The electrical current passes through a single electrode in the handpiece to a grounding pad
There is a high density of power close to the electrode's surface, with the potential for deep penetration of tissue heating
The electrical current passes between two electrodes at a fixed distance
The depth of penetration of the current is limited to approximately one-half the distance between the electrodes
With radiofrequency technologies, the depth of energy penetration depends upon the following factors: (1) the configuration of the electrodes (i.e., either monopolar or bipolar), (2) the mode of delivery (i.e., skin surface, needle-based, or probe-based), (3) the type and composition of tissue serving as the conduction medium (i.e., fat, blood, skin), (4) temperature, and (5) the frequency of the electrical current applied ( Box 7.5 ). Tissue is made up of multiple layers, including dermis, fat, muscle, and fibrous tissue, all of which have a different resistance to the movement of radiofrequency energy ( Table 7.2 ). Structures with higher impedance are more susceptible to heating. In general, fat, bone, and dry skin tend to have low conductivities, such that current tends to flow around these structures rather than through them.
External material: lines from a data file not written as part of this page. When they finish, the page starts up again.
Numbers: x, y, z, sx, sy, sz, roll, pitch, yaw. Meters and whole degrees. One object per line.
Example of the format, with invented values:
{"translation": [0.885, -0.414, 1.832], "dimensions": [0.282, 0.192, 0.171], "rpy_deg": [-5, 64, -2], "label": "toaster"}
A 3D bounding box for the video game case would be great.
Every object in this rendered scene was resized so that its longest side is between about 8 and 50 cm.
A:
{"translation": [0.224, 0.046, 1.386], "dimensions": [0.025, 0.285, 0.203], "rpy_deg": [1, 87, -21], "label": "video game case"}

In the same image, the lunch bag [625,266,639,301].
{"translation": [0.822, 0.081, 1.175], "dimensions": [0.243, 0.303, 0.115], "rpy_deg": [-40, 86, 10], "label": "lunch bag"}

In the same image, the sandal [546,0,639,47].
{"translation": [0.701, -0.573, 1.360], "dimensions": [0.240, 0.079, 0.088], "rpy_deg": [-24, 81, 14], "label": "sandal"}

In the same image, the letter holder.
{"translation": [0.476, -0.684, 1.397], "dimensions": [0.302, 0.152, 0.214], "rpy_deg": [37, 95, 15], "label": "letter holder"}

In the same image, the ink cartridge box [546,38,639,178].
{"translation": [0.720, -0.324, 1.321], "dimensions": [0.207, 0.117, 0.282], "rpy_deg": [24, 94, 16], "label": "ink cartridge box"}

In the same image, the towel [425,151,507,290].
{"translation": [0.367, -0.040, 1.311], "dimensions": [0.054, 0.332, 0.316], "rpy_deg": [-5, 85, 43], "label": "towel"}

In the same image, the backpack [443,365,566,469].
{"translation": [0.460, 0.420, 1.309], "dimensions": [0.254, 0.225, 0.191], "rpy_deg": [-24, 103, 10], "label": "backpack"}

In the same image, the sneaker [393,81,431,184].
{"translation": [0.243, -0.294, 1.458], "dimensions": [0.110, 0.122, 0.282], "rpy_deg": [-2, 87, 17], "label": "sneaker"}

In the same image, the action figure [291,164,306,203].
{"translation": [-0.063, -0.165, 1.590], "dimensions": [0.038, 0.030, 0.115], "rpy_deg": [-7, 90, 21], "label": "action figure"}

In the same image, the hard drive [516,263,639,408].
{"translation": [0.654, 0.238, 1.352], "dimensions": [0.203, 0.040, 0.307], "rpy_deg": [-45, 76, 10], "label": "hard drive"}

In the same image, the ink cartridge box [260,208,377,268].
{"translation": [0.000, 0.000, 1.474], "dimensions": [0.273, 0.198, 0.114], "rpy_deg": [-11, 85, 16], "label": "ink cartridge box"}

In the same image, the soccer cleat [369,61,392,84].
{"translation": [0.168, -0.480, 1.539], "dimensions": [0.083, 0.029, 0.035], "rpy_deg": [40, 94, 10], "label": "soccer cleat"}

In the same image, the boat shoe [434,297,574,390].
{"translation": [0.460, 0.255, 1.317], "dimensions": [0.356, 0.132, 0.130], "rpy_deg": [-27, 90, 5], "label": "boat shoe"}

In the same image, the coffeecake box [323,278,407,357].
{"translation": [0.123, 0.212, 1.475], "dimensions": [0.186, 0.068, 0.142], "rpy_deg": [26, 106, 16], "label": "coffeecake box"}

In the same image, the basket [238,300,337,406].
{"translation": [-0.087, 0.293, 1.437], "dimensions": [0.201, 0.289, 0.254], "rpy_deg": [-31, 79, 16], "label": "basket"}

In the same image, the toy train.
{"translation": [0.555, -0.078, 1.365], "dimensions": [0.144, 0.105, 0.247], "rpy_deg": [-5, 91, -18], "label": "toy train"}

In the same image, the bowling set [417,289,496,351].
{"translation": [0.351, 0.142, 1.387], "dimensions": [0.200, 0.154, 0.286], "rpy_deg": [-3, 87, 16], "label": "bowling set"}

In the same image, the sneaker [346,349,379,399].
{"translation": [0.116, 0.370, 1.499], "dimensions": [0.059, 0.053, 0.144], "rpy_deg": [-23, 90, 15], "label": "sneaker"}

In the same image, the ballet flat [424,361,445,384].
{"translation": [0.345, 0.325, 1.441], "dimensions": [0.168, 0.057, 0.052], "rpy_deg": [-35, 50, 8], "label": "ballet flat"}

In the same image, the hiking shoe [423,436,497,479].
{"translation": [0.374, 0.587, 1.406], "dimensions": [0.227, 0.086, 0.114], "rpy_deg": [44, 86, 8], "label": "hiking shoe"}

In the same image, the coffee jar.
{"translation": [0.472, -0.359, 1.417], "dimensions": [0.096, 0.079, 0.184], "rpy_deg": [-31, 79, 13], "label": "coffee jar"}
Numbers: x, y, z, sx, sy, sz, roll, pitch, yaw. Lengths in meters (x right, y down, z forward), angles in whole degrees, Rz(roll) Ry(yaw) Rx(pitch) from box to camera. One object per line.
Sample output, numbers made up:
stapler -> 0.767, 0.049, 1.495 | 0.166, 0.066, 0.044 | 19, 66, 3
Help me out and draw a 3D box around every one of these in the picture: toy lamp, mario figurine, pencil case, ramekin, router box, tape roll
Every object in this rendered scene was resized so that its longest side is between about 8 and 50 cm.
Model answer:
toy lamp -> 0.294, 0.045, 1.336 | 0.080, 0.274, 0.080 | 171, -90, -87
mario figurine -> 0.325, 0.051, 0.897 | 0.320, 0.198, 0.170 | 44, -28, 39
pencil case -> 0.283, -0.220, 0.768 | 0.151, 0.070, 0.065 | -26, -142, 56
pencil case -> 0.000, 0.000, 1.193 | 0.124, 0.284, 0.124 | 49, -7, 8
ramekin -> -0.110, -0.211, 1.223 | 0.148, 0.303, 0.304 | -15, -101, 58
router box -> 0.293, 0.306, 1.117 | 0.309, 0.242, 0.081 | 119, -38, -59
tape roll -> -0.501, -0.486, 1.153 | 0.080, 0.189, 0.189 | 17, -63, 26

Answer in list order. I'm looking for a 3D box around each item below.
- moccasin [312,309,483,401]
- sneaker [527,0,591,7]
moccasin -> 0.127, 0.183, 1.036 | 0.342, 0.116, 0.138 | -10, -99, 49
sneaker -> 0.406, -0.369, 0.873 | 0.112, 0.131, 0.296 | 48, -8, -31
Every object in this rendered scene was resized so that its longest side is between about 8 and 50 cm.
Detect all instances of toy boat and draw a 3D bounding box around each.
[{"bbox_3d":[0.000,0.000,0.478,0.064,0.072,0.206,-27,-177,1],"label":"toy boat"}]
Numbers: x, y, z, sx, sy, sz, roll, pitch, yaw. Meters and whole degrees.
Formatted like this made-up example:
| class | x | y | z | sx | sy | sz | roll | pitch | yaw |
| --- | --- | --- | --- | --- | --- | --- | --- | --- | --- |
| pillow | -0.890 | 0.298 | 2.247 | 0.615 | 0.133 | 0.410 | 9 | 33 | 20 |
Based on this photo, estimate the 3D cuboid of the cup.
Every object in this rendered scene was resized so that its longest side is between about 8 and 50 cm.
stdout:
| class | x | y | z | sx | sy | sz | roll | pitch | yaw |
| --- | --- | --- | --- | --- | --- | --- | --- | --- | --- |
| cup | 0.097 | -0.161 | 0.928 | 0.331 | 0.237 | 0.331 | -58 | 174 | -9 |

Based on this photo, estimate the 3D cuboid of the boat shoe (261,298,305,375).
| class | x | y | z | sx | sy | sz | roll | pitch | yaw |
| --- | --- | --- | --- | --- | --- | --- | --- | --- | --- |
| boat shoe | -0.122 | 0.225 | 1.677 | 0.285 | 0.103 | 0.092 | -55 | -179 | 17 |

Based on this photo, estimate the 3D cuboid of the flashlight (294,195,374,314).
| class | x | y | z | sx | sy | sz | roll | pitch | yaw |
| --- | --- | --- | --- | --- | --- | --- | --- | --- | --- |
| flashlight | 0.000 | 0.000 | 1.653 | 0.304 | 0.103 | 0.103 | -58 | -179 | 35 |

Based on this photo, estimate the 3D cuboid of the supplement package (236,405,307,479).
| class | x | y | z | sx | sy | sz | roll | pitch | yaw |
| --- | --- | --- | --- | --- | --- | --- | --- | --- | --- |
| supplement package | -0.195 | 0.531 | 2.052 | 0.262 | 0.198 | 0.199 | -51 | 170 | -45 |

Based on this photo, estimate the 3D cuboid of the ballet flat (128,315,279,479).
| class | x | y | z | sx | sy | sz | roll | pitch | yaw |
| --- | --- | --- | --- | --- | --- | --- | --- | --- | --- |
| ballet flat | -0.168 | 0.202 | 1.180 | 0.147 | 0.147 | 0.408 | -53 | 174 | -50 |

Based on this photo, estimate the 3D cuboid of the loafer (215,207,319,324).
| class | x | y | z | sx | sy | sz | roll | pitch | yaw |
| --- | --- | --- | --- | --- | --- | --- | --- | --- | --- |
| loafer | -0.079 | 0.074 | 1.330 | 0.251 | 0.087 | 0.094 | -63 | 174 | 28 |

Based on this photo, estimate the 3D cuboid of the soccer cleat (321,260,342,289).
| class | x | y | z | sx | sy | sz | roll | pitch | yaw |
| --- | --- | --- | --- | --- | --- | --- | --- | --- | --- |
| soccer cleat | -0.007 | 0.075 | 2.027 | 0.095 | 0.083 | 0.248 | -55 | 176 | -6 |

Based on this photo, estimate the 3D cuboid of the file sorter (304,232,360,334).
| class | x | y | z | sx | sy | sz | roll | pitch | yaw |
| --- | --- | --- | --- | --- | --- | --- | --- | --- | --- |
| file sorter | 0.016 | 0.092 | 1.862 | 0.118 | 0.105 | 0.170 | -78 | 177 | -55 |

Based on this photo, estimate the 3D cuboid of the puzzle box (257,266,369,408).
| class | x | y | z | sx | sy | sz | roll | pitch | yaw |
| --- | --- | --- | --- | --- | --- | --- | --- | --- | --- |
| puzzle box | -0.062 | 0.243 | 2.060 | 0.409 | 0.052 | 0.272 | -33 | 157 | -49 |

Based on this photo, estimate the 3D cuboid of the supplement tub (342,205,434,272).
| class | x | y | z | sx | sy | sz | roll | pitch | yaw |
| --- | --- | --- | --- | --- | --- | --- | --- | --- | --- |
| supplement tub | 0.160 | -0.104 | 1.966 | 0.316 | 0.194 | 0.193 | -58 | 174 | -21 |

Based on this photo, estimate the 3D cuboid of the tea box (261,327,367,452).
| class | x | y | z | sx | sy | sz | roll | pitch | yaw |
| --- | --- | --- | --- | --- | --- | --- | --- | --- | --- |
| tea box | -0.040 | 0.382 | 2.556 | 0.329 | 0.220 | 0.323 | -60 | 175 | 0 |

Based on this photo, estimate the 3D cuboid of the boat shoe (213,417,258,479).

Wet skin has a higher electrical conductivity, allowing greater penetration of current. For this reason, in certain radiofrequency procedures, improved results can be seen with generous amounts of coupling fluid and increased hydration of the skin. The structure of an individual's tissue (dermal thickness, fat thickness, fibrous septae, number and size of adnexal structures) plays a role in determining impedance, heat perception, and, ultimately, total deposited energy, despite otherwise comparable parameters.
Frequency of the electrical current
Electrode configuration (i.e., monopolar or bipolar)
Type of tissue serving as the conduction medium
Temperature
Type of Tissue | Electrical Conductivity (siemens/m) |
---|---|
Bone | 0.02 |
Fat | 0.03 |
Dry skin | 0.03 |
Nerve | 0.13 |
Cartilage | 0.23 |
Wet skin | 0.22 |
Muscle | 0.50 |
Thyroid | 0.60 |
Temperature also influences tissue conductivity and the distribution of electrical current. In general, every 1°C increase in temperature lowers the skin impedance by 2%. Surface cooling will increase resistance to the electrical field near the epidermis, driving the radiofrequency current into the tissue, and increasing the penetration depth. Conversely, target structures that have been prewarmed with optical energy will, in theory, have greater conductivity, less resistance, and greater selective heating by the radiofrequency current. This is the theoretical advantage touted by hybrid, skin-tightening devices, that use a combined approach of light and radiofrequency energy to provide synergistic results.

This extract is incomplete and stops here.